» About this exercise
Copy out all lines in the material below that contain the string "degrees".

» Dataset excerpts
● ● ● ● ●

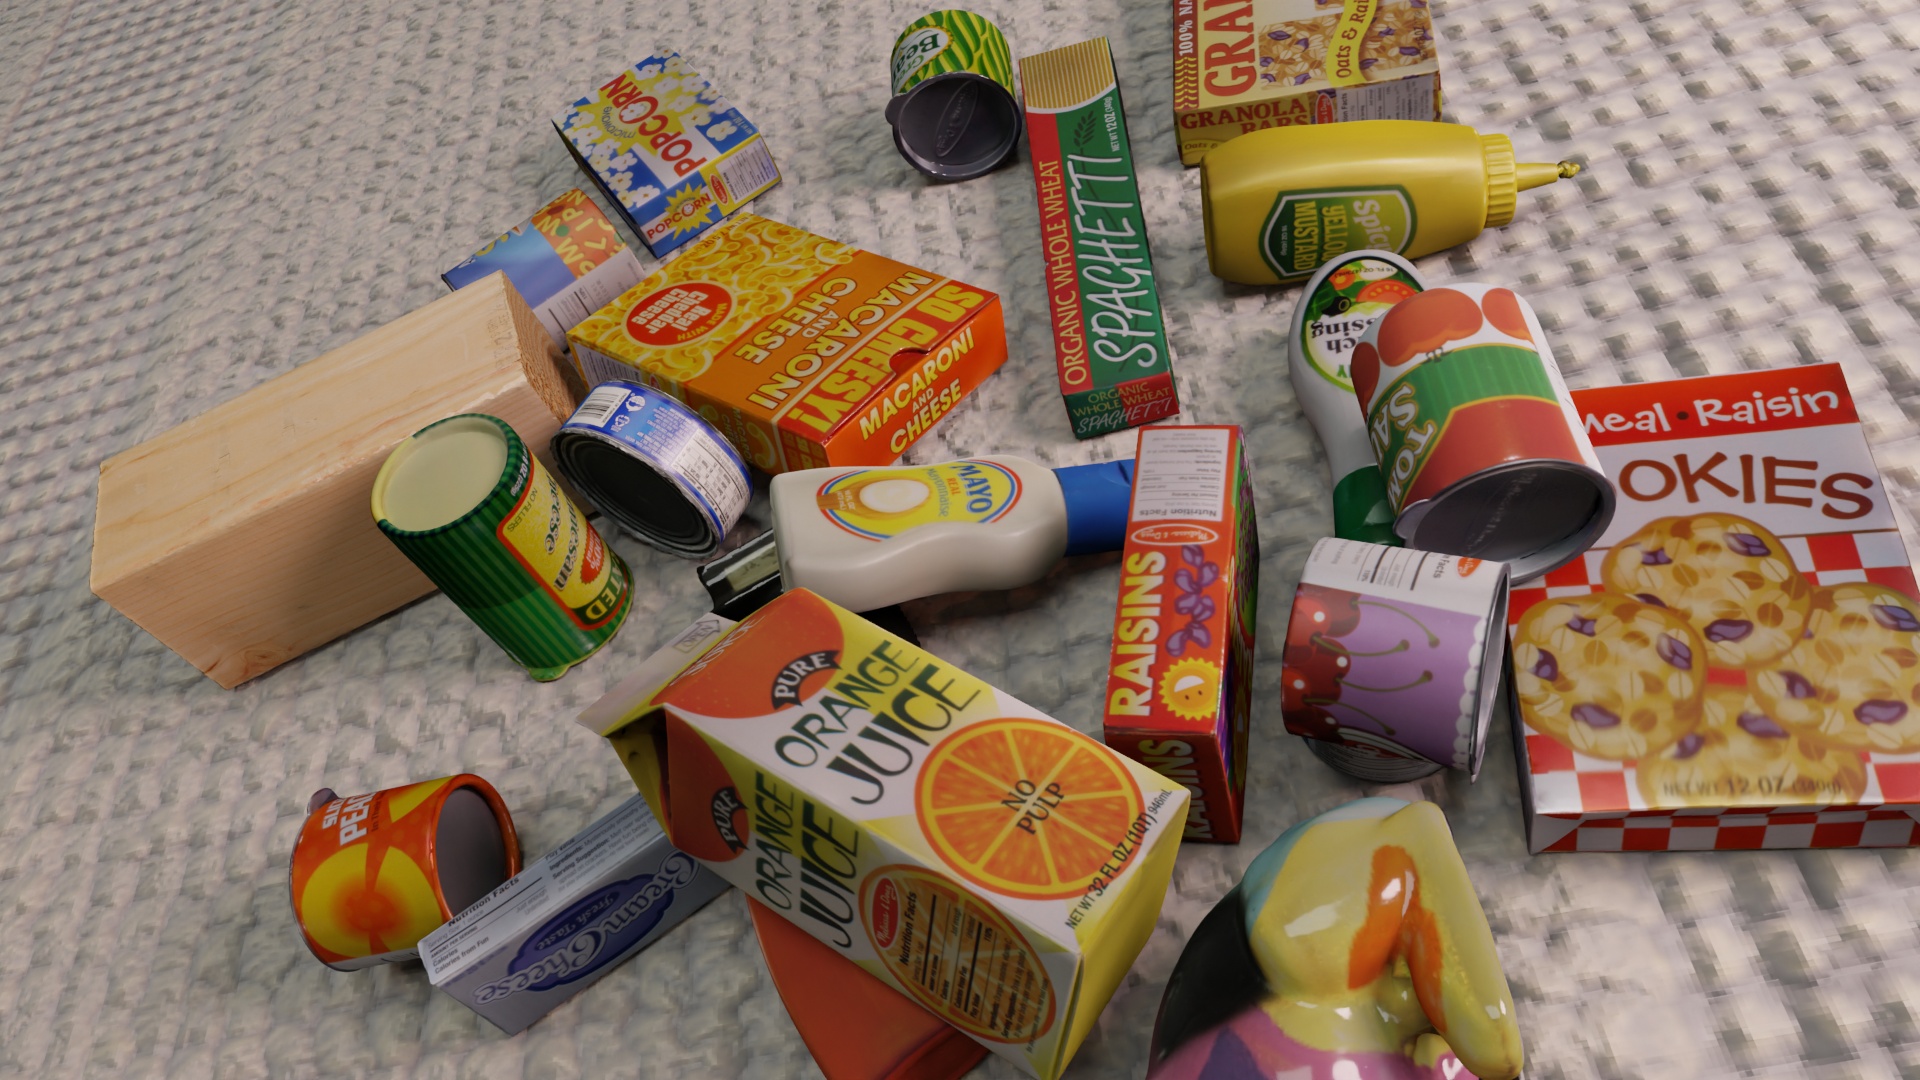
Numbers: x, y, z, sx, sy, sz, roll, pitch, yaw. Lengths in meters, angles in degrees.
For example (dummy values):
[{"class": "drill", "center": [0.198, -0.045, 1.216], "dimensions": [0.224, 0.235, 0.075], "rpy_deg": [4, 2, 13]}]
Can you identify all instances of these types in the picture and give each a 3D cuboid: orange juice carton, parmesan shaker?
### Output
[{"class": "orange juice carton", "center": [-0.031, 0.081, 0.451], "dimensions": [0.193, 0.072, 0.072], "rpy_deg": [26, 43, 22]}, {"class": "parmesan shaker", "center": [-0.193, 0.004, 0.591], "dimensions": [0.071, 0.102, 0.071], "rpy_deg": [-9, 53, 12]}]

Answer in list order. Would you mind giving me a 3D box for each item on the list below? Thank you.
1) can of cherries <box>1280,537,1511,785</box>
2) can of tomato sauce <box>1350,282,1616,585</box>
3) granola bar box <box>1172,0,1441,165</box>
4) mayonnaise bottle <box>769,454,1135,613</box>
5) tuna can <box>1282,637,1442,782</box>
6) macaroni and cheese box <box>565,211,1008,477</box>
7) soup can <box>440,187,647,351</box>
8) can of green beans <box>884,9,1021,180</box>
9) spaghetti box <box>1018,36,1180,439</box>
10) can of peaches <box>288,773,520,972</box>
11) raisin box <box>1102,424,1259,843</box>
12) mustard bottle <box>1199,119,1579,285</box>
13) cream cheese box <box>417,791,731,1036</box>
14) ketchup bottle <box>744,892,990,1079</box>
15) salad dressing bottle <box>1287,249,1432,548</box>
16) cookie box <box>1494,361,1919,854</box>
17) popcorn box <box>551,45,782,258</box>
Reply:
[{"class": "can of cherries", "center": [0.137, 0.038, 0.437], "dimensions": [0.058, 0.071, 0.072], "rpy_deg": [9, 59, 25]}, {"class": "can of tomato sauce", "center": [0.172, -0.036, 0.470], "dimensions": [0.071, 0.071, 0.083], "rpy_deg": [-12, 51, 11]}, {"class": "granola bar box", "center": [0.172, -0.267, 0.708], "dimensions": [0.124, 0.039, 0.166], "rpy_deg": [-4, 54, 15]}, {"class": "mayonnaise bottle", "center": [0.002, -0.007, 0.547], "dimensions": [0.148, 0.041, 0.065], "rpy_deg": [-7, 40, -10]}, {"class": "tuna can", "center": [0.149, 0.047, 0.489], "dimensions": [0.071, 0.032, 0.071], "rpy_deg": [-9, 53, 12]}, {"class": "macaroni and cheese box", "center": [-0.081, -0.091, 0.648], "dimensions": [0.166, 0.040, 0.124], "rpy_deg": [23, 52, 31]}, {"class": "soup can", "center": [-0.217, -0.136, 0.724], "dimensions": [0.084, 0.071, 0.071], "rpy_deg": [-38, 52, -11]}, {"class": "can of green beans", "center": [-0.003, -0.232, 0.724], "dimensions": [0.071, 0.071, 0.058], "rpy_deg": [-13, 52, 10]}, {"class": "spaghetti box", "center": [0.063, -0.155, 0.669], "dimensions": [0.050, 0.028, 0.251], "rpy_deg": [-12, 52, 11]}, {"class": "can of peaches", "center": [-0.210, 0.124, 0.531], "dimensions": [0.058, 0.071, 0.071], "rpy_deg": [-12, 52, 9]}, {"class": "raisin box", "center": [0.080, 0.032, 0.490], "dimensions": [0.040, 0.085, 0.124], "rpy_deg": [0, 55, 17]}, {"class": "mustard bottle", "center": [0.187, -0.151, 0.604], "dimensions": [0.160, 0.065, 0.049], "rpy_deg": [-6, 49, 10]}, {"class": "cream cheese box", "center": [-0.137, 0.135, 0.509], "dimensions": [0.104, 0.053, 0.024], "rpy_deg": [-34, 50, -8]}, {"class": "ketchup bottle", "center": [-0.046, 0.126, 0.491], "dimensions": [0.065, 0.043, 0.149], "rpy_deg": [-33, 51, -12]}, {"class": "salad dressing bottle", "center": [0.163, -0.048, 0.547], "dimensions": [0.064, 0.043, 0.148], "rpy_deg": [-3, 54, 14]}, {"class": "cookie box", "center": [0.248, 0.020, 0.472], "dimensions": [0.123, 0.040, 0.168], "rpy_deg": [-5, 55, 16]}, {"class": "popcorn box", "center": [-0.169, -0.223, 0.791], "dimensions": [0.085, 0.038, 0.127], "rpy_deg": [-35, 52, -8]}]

● ● ● ● ●

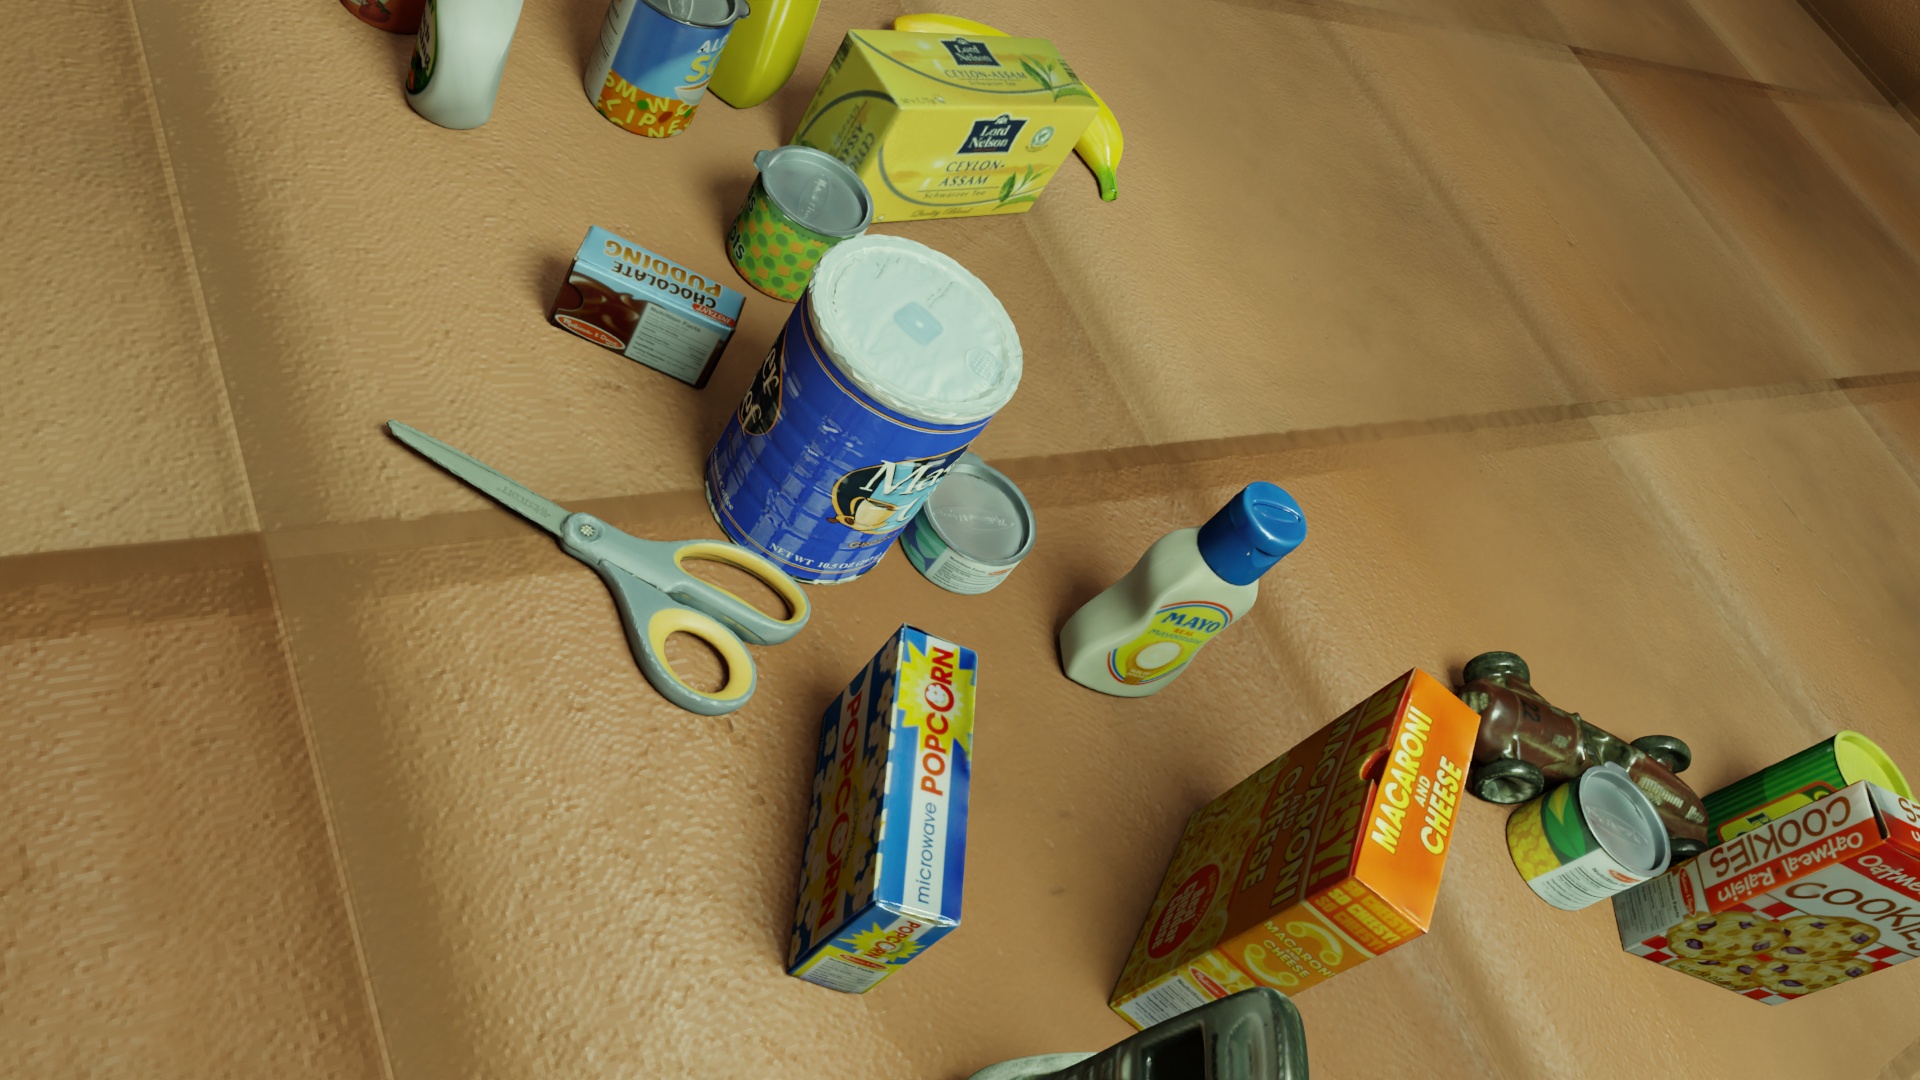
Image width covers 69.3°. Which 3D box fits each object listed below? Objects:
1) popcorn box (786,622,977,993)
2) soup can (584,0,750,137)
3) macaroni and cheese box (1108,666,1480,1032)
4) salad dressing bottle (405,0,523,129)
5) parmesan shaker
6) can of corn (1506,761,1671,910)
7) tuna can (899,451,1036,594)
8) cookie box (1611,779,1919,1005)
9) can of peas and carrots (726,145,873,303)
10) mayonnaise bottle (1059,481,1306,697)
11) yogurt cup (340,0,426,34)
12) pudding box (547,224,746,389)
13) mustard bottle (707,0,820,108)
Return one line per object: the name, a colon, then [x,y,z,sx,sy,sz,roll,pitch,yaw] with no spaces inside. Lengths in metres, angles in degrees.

● ● ● ● ●

» Solution for this exercise
Numbers: x, y, z, sx, sy, sz, roll, pitch, yaw. Lengths in meters, angles in degrees.
Return one line per object: the name, a colon, then [x,y,z,sx,sy,sz,roll,pitch,yaw] with no spaces inside. Lengths in metres, angles in degrees.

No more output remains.